With only a couple of weeks left in this legislative calendar, Fortenberry hopes the House can move quickly through a series of aggressive, end-of-year efforts.
“We’ve set this up purposely so if there is alignment, we can run this fast and get it through to the president’s desk. We’re not there yet, but that would be my desire,” Fortenberry said.
In a bitter political climate, Quigley sees this legislation as a chance to show the American people that lawmakers can work together for the common good.
“It’s hope for those who look at our country and see dysfunction but given an opportunity … [will see] that we can accomplish something,” he said.
For Mayuri, the bill’s passage would be not only an accomplishment for the ALS community — she believes it will give those trapped inside increasingly lifeless bodies the will to live.
“Other ALS patients come to me and ask whether it is worth fighting for their lives,” she wrote, using a speech-generating device that operates with eye gaze technology, similar to the machine world-famous scientist Stephen Hawking used to speak. “That answer depends on whether this bill gets passed or not.”
With that in mind, her brother Mayank, advocate Michelle Lorenz and a team of grassroots groups have waged a tireless and highly organized campaign to raise awareness among congressional members and their constituents, including a letter-writing effort and website called HelpMayuri.com that helps mobilize supporters to email their local representatives. Lorenz has met with more than 200 legislators during the last five months and with 17 senators’ offices this week.
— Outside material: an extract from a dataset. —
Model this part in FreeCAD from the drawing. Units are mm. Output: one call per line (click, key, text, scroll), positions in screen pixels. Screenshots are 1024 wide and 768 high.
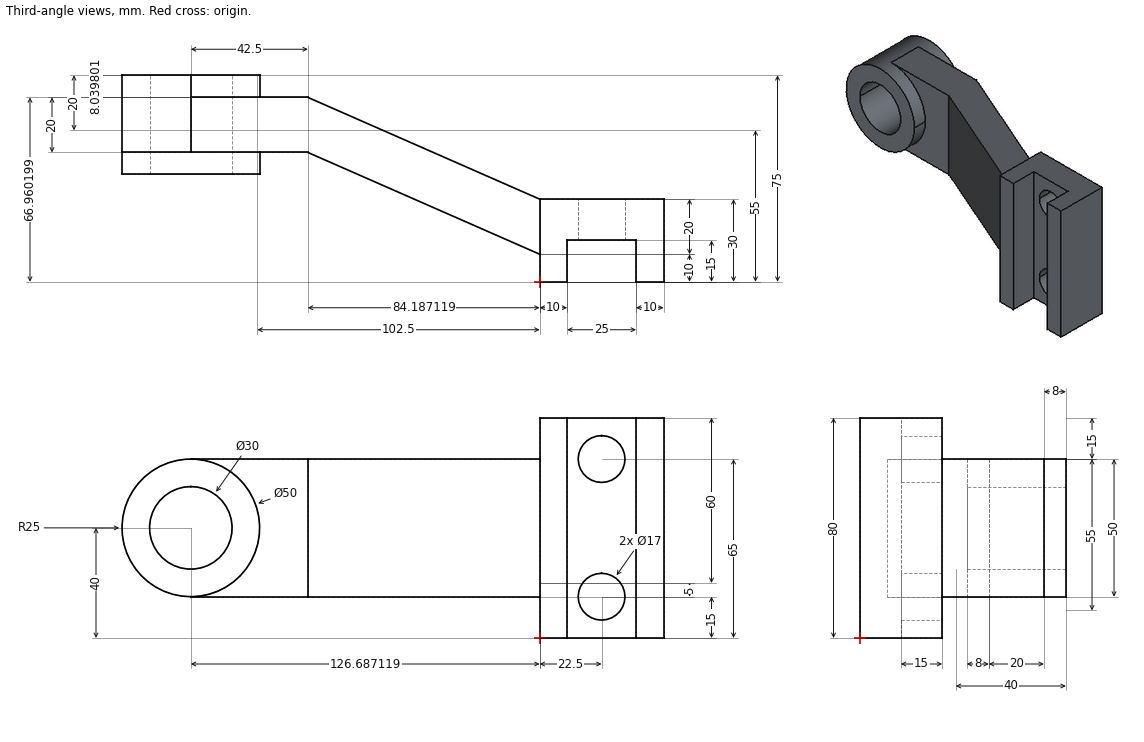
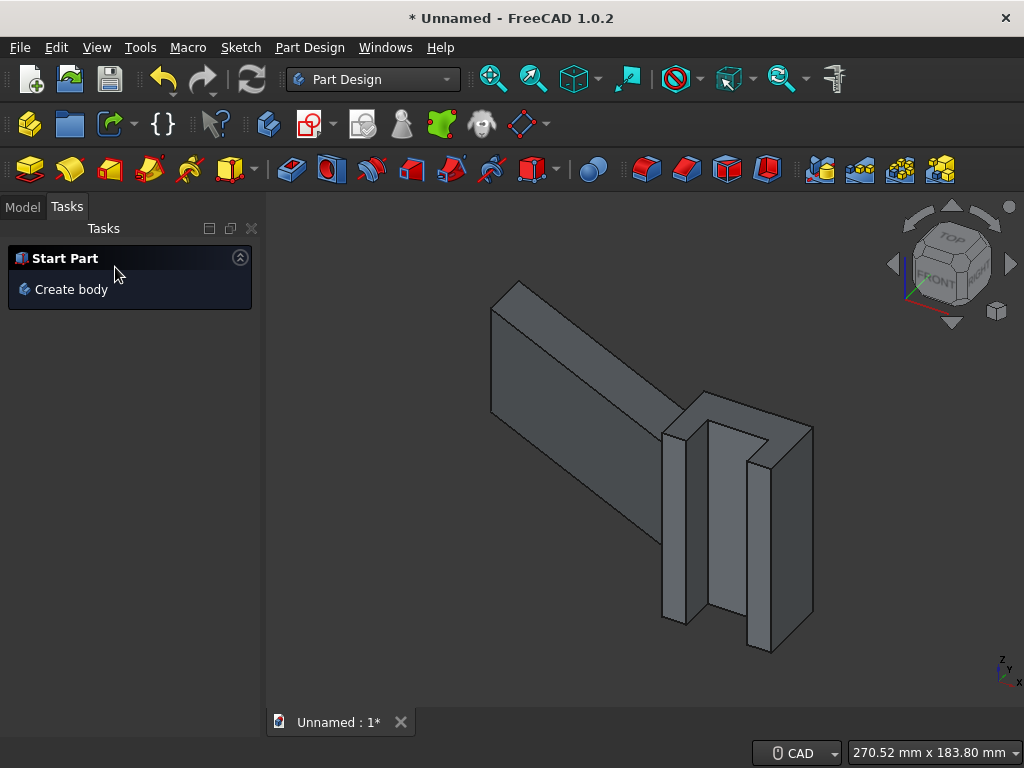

“Death is not a partisan issue,” she said. “If you can agree on any bill, for God’s sake, it should be this bill.”
In the waning days of the lame duck session, Mayank is pleading with lawmakers to help his sister, who may die if action is put off until next year.
“She is my sister. She could also be your mother, who falls down the stairs. It could be your son who collapses on the soccer field,” he said. ” If this were your loved one who was actively suffering and dying, and you knew there was a one percent chance of hope, what would you do to get that treatment in their dying bodies today?”